There is now a link on Gemipedia's home page which tell you the current selected language, and takes you to a page to change to.
I've included a list of quick links to select one of the languages which have the largest number of articles in their version of Wikipedia. If you want to read a Wikipedia in language that's not listed, there is a link at the bottom which lets you enter any 2 character country code.
Gemipedia article about ISO 3166-1 country codes
I've also started using an API which tell you if an article is available in other languages. At the bottom of every article in Gemipedia you'll see a link to "Read this article in another language".
Wikipedia has a pretty elegant design when it comes to supporting other languages. Each language has a different subdomain off of "wikipedia.org"
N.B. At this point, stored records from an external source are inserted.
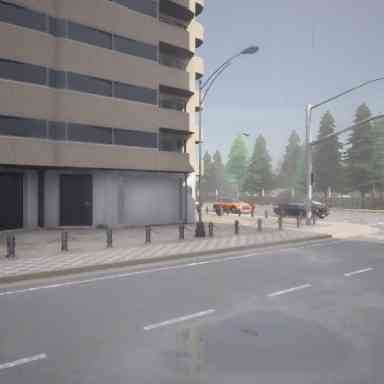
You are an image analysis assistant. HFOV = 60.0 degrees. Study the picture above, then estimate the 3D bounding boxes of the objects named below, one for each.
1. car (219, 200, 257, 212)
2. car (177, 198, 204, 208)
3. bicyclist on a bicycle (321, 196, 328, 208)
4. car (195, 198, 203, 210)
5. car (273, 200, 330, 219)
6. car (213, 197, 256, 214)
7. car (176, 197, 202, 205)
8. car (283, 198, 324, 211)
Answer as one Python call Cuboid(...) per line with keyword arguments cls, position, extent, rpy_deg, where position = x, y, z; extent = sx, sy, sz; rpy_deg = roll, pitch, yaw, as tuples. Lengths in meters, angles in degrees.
Cuboid(cls="car", position=(5.571, 1.656, 40.996), extent=(1.895, 1.301, 4.718), rpy_deg=(0, 0, -36))
Cuboid(cls="car", position=(-0.231, 1.619, 49.058), extent=(1.994, 1.385, 4.181), rpy_deg=(0, 0, -36))
Cuboid(cls="bicyclist on a bicycle", position=(17.331, 1.356, 43.469), extent=(1.656, 1.620, 0.582), rpy_deg=(0, 0, -36))
Cuboid(cls="car", position=(-0.958, 1.533, 44.079), extent=(1.882, 1.535, 5.008), rpy_deg=(0, 0, -36))
Cuboid(cls="car", position=(9.613, 1.656, 29.414), extent=(1.895, 1.301, 4.718), rpy_deg=(0, 0, -36))
Cuboid(cls="car", position=(4.396, 1.407, 36.646), extent=(2.097, 1.767, 4.553), rpy_deg=(0, 0, -36))
Cuboid(cls="car", position=(-0.601, 1.603, 61.863), extent=(2.033, 1.411, 5.357), rpy_deg=(0, 0, -36))
Cuboid(cls="car", position=(13.874, 1.581, 41.735), extent=(1.812, 1.442, 4.674), rpy_deg=(0, 0, -35))
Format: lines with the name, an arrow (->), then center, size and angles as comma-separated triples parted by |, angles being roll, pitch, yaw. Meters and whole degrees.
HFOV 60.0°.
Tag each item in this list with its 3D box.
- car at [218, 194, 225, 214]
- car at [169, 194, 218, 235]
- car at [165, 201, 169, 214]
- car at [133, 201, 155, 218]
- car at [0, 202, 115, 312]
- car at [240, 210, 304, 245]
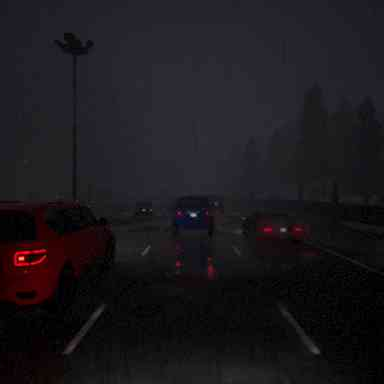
car -> 1.922, 1.237, 35.332 | 2.150, 2.045, 5.566 | 0, 0, -9
car -> -0.002, 1.229, 18.824 | 2.150, 2.045, 5.566 | 0, 0, -2
car -> -1.817, 1.521, 36.159 | 1.837, 1.490, 4.892 | 0, 0, -10
car -> -4.398, 1.561, 30.537 | 2.033, 1.411, 5.357 | 0, 0, -8
car -> -3.407, 1.225, 7.833 | 2.150, 2.045, 5.566 | 0, 0, 0
car -> 3.559, 1.555, 15.633 | 2.033, 1.411, 5.357 | 0, 0, -1
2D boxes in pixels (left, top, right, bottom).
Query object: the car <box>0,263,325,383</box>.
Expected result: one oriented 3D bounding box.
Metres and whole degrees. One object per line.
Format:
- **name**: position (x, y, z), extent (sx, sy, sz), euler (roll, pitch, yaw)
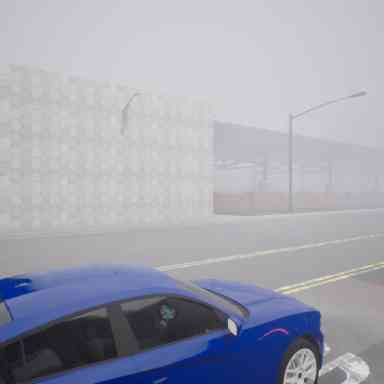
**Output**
- **car**: position (-0.723, 1.478, 3.234), extent (5.008, 1.535, 1.882), euler (0, 0, -36)
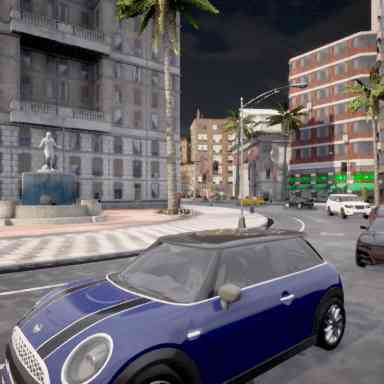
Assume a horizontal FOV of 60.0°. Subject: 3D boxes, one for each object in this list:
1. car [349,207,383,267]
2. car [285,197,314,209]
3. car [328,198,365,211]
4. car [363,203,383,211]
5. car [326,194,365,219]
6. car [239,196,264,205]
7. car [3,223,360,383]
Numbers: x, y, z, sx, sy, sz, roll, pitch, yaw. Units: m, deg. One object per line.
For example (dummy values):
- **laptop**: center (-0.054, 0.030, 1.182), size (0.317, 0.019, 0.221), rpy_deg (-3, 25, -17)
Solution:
- **car**: center (6.746, 1.478, 10.851), size (1.882, 1.535, 5.008), rpy_deg (0, 0, 37)
- **car**: center (15.039, 1.505, 46.701), size (1.837, 1.490, 4.892), rpy_deg (0, 0, -17)
- **car**: center (19.753, 1.526, 42.738), size (1.812, 1.442, 4.674), rpy_deg (0, 0, -12)
- **car**: center (11.654, 1.526, 19.644), size (1.812, 1.442, 4.674), rpy_deg (0, 0, 19)
- **car**: center (13.910, 1.221, 29.884), size (2.150, 2.045, 5.566), rpy_deg (0, 0, 4)
- **car**: center (10.145, 1.478, 57.149), size (1.882, 1.535, 5.008), rpy_deg (0, 0, -35)
- **car**: center (0.109, 1.352, 4.473), size (4.553, 1.767, 2.097), rpy_deg (0, 0, -39)
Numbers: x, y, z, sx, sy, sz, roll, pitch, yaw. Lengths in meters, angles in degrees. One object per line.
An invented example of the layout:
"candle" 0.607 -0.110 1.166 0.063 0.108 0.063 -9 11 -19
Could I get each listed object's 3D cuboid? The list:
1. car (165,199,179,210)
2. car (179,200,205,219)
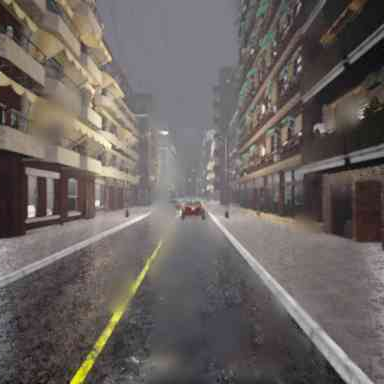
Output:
"car" -2.818 1.819 49.406 1.812 1.442 4.674 0 0 0
"car" 0.107 1.528 31.271 2.097 1.767 4.553 0 0 0
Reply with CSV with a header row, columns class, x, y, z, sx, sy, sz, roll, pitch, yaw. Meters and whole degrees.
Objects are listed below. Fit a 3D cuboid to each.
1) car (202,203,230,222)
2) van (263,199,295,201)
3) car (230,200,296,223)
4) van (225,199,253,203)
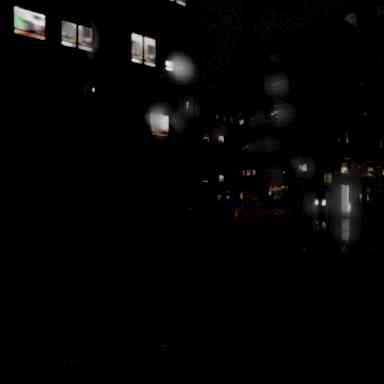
class,x,y,z,sx,sy,sz,roll,pitch,yaw
car,1.929,1.854,28.764,1.802,1.307,4.206,-1,0,-36
van,8.665,1.572,33.684,1.690,1.788,3.998,-1,0,-36
car,5.797,1.697,27.830,1.882,1.535,5.008,0,-1,-37
van,5.348,1.646,38.198,1.690,1.788,3.998,-1,0,-36
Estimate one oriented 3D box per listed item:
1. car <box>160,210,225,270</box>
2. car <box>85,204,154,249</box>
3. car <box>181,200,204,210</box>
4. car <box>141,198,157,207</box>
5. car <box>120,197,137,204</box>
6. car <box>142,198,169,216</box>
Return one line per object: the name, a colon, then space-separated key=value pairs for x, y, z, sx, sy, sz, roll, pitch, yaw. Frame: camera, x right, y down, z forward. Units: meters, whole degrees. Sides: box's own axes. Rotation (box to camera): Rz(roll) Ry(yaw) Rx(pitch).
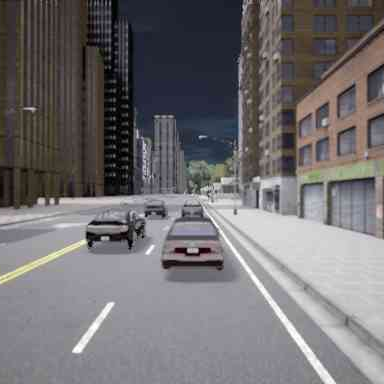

en.wikipedia.com ⬅️ English Wikipedia de.wikipedia.com ⬅️ German Wikipedia [country code].wikipedia.com ⬅️ any 2 digit country code
Wikipedia (and MediaWiki, the software that runs Wikipedia) has had various API versions. However all the APIs are accessed via different paths on the same hostname. So the only change I had to make to talk to other Wikipedias was to add a langugage option to my API wrapper:
Old Version: //only talks to English wikipedia var client = new WikipediaClient(); client.GetArtile(title); //talk to German wikipedia var client = new Wikipedia("de"); client.GetArticle(title);
Modifying the client and setting a default language took about 2 minutes. The rest of the work involved creating UI to change the language, persisting the language choice between page, and adding some creative features to switch between version of Wikipedia.
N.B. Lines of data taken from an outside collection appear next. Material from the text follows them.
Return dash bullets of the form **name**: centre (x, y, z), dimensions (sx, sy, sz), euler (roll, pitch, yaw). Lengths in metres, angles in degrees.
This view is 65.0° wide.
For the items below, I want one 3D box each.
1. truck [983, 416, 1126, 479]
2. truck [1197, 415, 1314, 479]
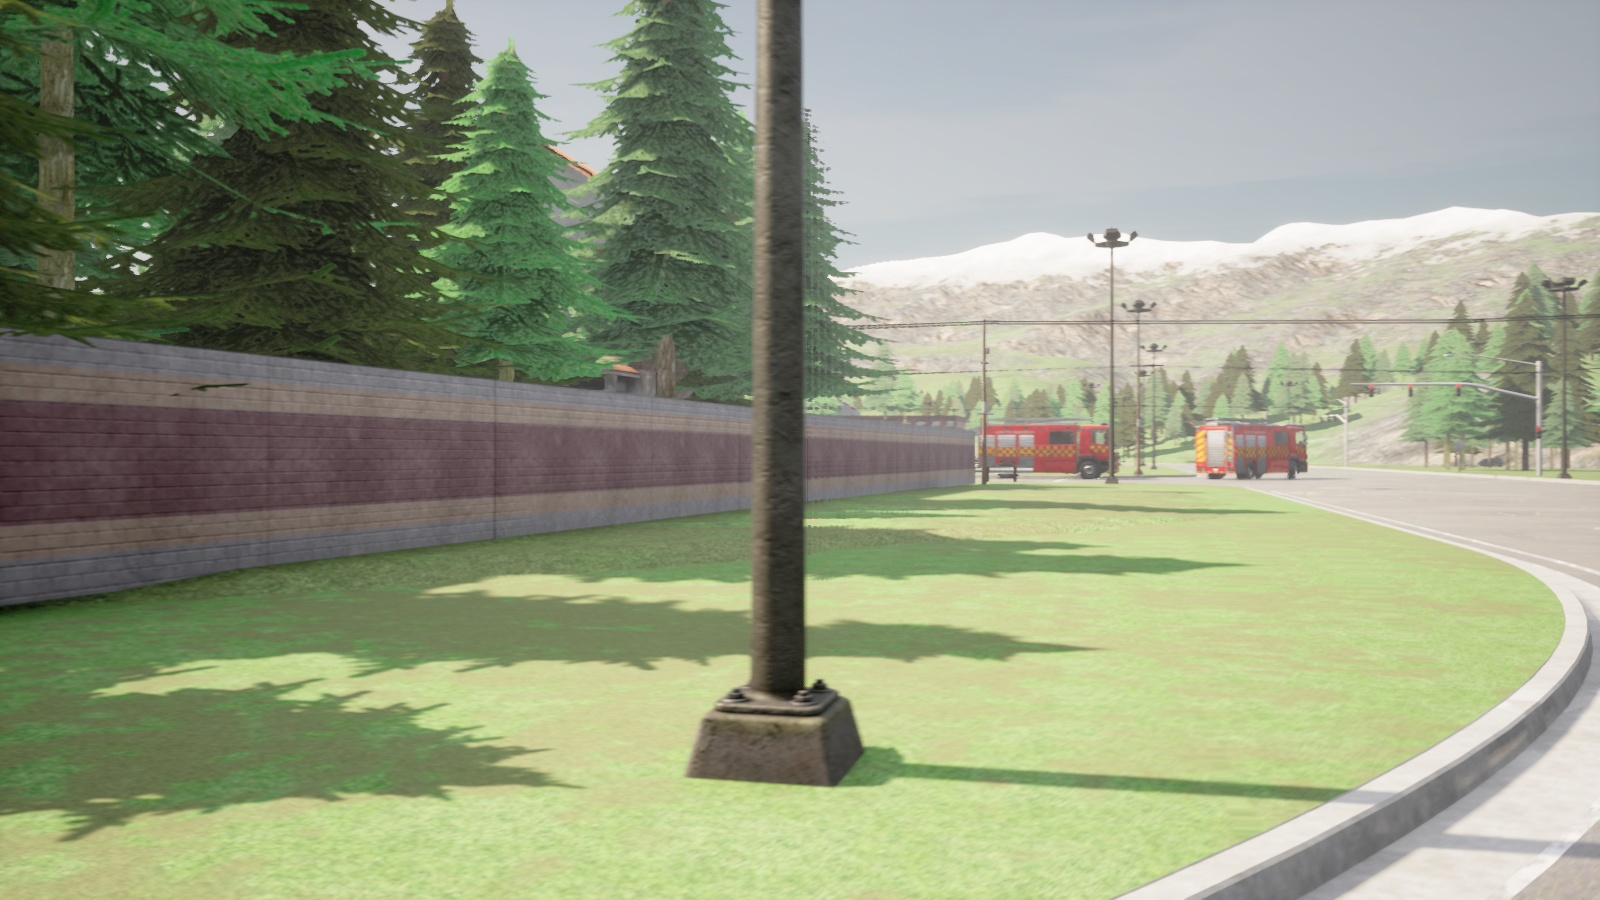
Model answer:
- **truck**: centre (15.933, -0.154, 78.478), dimensions (8.468, 3.827, 2.891), euler (0, 0, 18)
- **truck**: centre (28.969, -0.181, 79.679), dimensions (8.468, 3.827, 2.891), euler (0, 0, -38)
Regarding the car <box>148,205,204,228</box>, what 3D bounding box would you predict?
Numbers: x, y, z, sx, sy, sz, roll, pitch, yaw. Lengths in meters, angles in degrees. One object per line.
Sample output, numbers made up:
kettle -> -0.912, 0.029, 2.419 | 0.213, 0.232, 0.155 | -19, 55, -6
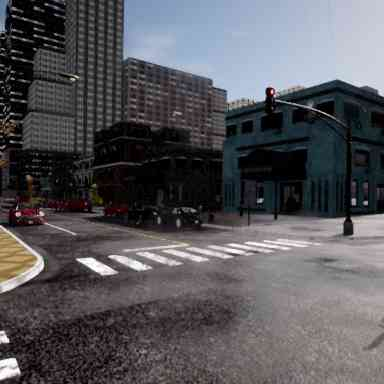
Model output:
car -> -0.937, 1.699, 23.127 | 2.008, 1.369, 4.403 | 1, -1, -35

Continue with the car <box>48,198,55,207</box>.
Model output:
car -> -23.747, 1.777, 55.802 | 1.967, 1.590, 4.097 | 1, -1, -35

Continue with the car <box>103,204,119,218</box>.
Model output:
car -> -7.184, 1.782, 32.135 | 1.802, 1.307, 4.206 | 1, -1, -35

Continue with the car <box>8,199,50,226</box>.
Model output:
car -> -11.762, 1.492, 23.582 | 1.967, 1.590, 4.097 | 1, -1, -35

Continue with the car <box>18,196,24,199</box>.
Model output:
car -> -39.560, 1.787, 78.612 | 2.192, 1.841, 5.009 | 1, -1, -35

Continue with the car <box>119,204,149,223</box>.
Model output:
car -> -4.061, 1.740, 27.632 | 1.947, 1.339, 4.313 | 1, -1, -35

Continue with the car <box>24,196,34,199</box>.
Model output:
car -> -33.332, 1.944, 69.626 | 1.752, 1.417, 4.829 | 1, -1, -35

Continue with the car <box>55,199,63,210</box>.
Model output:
car -> -17.381, 1.724, 46.709 | 1.967, 1.590, 4.097 | 1, -1, -35

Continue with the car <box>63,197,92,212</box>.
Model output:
car -> -14.190, 1.572, 42.166 | 2.192, 1.841, 5.009 | 1, -1, -35

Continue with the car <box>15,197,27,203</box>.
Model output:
car -> -42.724, 2.050, 83.172 | 2.008, 1.369, 4.403 | 1, -1, -35
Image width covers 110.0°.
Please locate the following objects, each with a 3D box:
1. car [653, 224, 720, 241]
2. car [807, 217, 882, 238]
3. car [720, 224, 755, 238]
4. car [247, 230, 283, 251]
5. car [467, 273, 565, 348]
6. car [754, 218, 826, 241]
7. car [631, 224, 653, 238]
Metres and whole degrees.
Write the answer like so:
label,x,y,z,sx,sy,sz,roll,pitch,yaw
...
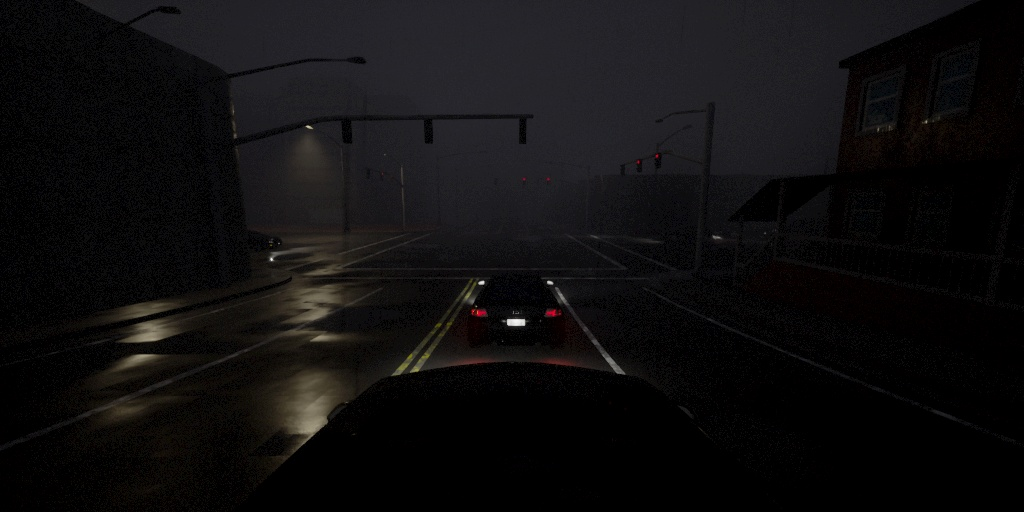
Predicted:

Honestly, persisting the language between pages was the biggest amount of work. This is because Gemini makes working with query strings a little complicated. The only way to get user input in Gemini is to send a "10 Input" response. This presents a dialog to the user to enter some text. That text that replaces whatever is in the query string of the URL. Since Gemipedia accepts user input in a few places (going to an article, searching), I can't really use the query string to hold data the way I would in a typical web application, since it will be clobbered.
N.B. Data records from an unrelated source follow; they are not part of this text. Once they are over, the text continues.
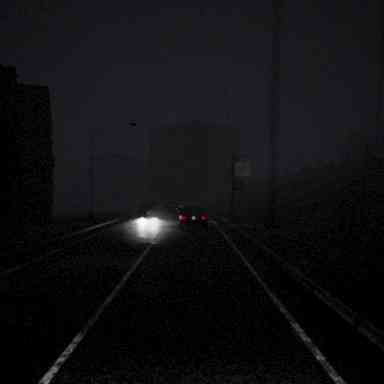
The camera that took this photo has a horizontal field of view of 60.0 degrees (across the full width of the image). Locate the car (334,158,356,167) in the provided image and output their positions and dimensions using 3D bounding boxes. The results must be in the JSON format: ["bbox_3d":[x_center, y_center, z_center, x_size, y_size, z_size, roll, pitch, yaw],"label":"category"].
[{"bbox_3d":[21.862,-3.867,45.126,2.231,1.521,4.892,0,1,-1],"label":"car"}]

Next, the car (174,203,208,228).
[{"bbox_3d":[0.087,1.650,22.747,2.033,1.411,5.357,0,-1,0],"label":"car"}]

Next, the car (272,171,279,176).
[{"bbox_3d":[21.134,-4.324,78.267,2.185,1.767,4.553,0,1,-1],"label":"car"}]

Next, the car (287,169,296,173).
[{"bbox_3d":[21.377,-4.055,67.075,2.002,1.452,4.674,0,1,-1],"label":"car"}]

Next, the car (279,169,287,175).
[{"bbox_3d":[21.253,-4.275,72.748,2.185,1.767,4.553,0,1,-1],"label":"car"}]

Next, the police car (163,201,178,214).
[{"bbox_3d":[-2.506,1.948,42.126,2.038,1.542,4.974,0,-1,-15],"label":"police car"}]

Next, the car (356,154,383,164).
[{"bbox_3d":[22.095,-3.742,39.584,2.002,1.452,4.674,0,1,-2],"label":"car"}]

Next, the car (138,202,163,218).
[{"bbox_3d":[-4.479,1.777,34.030,2.128,1.511,4.902,0,-1,-9],"label":"car"}]

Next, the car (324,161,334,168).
[{"bbox_3d":[21.734,-3.934,50.644,2.231,1.521,4.892,0,1,-1],"label":"car"}]

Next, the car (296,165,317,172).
[{"bbox_3d":[21.496,-4.168,61.581,2.185,1.767,4.553,0,1,-1],"label":"car"}]

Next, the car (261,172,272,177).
[{"bbox_3d":[20.893,-4.284,89.282,2.231,1.521,4.892,0,0,-1],"label":"car"}]

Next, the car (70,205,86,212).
[{"bbox_3d":[-23.898,3.366,69.694,4.181,1.385,1.994,-4,-2,45],"label":"car"}]
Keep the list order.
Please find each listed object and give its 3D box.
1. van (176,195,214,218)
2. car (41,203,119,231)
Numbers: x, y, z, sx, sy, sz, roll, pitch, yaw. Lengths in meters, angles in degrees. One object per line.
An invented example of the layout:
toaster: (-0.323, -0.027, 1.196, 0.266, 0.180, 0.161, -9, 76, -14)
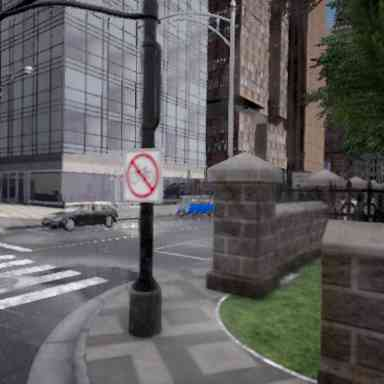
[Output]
van: (0.342, 1.174, 27.451, 1.690, 1.788, 3.998, 1, 0, 36)
car: (-6.087, 1.314, 18.463, 2.008, 1.369, 4.403, 1, 0, 36)
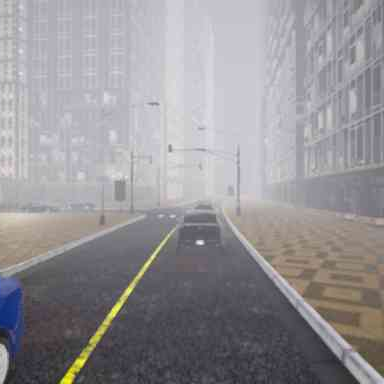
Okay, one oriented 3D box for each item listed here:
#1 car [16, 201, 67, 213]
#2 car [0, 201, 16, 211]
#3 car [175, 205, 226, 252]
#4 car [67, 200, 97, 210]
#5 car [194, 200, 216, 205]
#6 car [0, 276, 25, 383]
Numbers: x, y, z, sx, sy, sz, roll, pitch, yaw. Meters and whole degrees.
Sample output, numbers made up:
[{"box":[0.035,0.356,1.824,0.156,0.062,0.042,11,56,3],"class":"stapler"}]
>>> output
[{"box":[-16.928,1.759,37.444,4.403,1.369,2.008,-1,1,12],"class":"car"},{"box":[-26.259,1.991,47.919,4.313,1.339,1.947,-1,1,12],"class":"car"},{"box":[0.348,1.496,13.901,1.837,1.490,4.892,0,0,2],"class":"car"},{"box":[-15.241,1.790,45.652,4.403,1.369,2.008,-1,1,12],"class":"car"},{"box":[1.151,1.459,30.899,2.128,1.511,4.902,0,0,4],"class":"car"},{"box":[-3.039,1.473,2.087,1.882,1.535,5.008,0,0,1],"class":"car"}]

Instead, I include the language choice at the end of the URL, after the MVC route info:
/cgi-bin/wp.cgi/view/en?cats ⬅️ View the article for "cats" on English Wikipedia /cgi-bin/wp.cgi/view/de?cats ⬅️ View the article for "cats" on German Wikipedia /cgi-bin/wp.cgi/images/en?Cat ⬅️ View the image gallery for the "Cat" article on English Wikipedia /cgi-bin/wp.cgi/images/de?Cat ⬅️ View the image gallery for the "Cat" article on German Wikipedia
This required that I refactor all the parts of the code that created Gemipedia links into a single place, which would ensure the current language was always included in a URL, and would parse the language out of incoming URLs from the users. This is better and cleaner code in the end, so it's good work to do.
I think the big reason Gemipedia is so successful is that it recognizes specific HTML that Wikipedia uses for things like image callouts, information boxes, and math formulas. It also knows what things can be skipped, like the "references" section, or the bibliography. Most of this involves a dozen or so CSS selectors that match on certain elements and tell the HTML converter what it can ignore.
For the most part, an "<table class='infobox'>" in the English Wikipedia is also a "<table class='infobox'>" in the Spanish Wikipedia, but not always. I've seen language-specific CSS classes, or entirely different HTML structures used in Wikipedias for different languages. This means that Gemipedia's awesome rendering and filtering
sometimes doesn't work. I'm trying to knock these down, and write more "cross-language" detection logic, but there is no easy way to do this at scale. So if you encounter a rendering issue, please drop me an email.